**Excerpts from a dataset**.
==================================================

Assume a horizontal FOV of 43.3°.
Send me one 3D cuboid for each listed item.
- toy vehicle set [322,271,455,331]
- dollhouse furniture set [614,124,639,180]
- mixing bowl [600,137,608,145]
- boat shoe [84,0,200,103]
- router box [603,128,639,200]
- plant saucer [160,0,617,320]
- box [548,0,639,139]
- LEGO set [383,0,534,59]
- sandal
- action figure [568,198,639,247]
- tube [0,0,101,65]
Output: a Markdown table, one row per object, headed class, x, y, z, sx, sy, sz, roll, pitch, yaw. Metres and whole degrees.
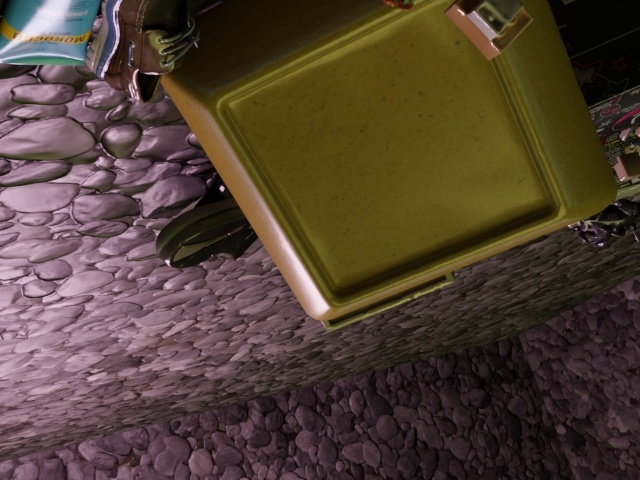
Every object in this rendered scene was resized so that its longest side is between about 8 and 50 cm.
| class | x | y | z | sx | sy | sz | roll | pitch | yaw |
| --- | --- | --- | --- | --- | --- | --- | --- | --- | --- |
| toy vehicle set | 0.024 | -0.038 | 0.909 | 0.166 | 0.267 | 0.035 | -22 | -160 | 15 |
| dollhouse furniture set | 0.376 | -0.151 | 1.040 | 0.181 | 0.161 | 0.101 | -13 | 162 | -19 |
| mixing bowl | 0.265 | -0.115 | 0.995 | 0.181 | 0.098 | 0.181 | 10 | 141 | 8 |
| boat shoe | -0.125 | -0.164 | 0.615 | 0.066 | 0.066 | 0.183 | -50 | -172 | -26 |
| router box | 0.426 | -0.122 | 1.240 | 0.178 | 0.133 | 0.046 | -20 | -155 | 7 |
| plant saucer | 0.061 | -0.087 | 0.704 | 0.332 | 0.333 | 0.081 | -23 | -154 | 15 |
| box | 0.212 | -0.170 | 0.815 | 0.247 | 0.163 | 0.142 | -23 | 165 | 14 |
| LEGO set | 0.003 | -0.206 | 0.550 | 0.287 | 0.132 | 0.107 | 17 | 153 | -24 |
| sandal | -0.116 | -0.038 | 0.995 | 0.120 | 0.086 | 0.303 | -45 | 171 | 14 |
| action figure | 0.460 | -0.075 | 1.401 | 0.275 | 0.141 | 0.164 | 10 | 148 | -27 |
| tube | -0.188 | -0.182 | 0.581 | 0.080 | 0.052 | 0.207 | 0 | 161 | -29 |

==================================================

**Work order**. Give the data again exactly, without pictures.

**Exercise output**.
Assume a horizontal FOV of 43.3°.
Send me one 3D cuboid for each listed item.
- toy vehicle set [322,271,455,331]
- dollhouse furniture set [614,124,639,180]
- mixing bowl [600,137,608,145]
- boat shoe [84,0,200,103]
- router box [603,128,639,200]
- plant saucer [160,0,617,320]
- box [548,0,639,139]
- LEGO set [383,0,534,59]
- sandal
- action figure [568,198,639,247]
- tube [0,0,101,65]
Output: a Markdown table, one row per object, headed class, x, y, z, sx, sy, sz, roll, pitch, yaw. Metres and whole degrees.
Every object in this rendered scene was resized so that its longest side is between about 8 and 50 cm.
| class | x | y | z | sx | sy | sz | roll | pitch | yaw |
| --- | --- | --- | --- | --- | --- | --- | --- | --- | --- |
| toy vehicle set | 0.024 | -0.038 | 0.909 | 0.166 | 0.267 | 0.035 | -22 | -160 | 15 |
| dollhouse furniture set | 0.376 | -0.151 | 1.040 | 0.181 | 0.161 | 0.101 | -13 | 162 | -19 |
| mixing bowl | 0.265 | -0.115 | 0.995 | 0.181 | 0.098 | 0.181 | 10 | 141 | 8 |
| boat shoe | -0.125 | -0.164 | 0.615 | 0.066 | 0.066 | 0.183 | -50 | -172 | -26 |
| router box | 0.426 | -0.122 | 1.240 | 0.178 | 0.133 | 0.046 | -20 | -155 | 7 |
| plant saucer | 0.061 | -0.087 | 0.704 | 0.332 | 0.333 | 0.081 | -23 | -154 | 15 |
| box | 0.212 | -0.170 | 0.815 | 0.247 | 0.163 | 0.142 | -23 | 165 | 14 |
| LEGO set | 0.003 | -0.206 | 0.550 | 0.287 | 0.132 | 0.107 | 17 | 153 | -24 |
| sandal | -0.116 | -0.038 | 0.995 | 0.120 | 0.086 | 0.303 | -45 | 171 | 14 |
| action figure | 0.460 | -0.075 | 1.401 | 0.275 | 0.141 | 0.164 | 10 | 148 | -27 |
| tube | -0.188 | -0.182 | 0.581 | 0.080 | 0.052 | 0.207 | 0 | 161 | -29 |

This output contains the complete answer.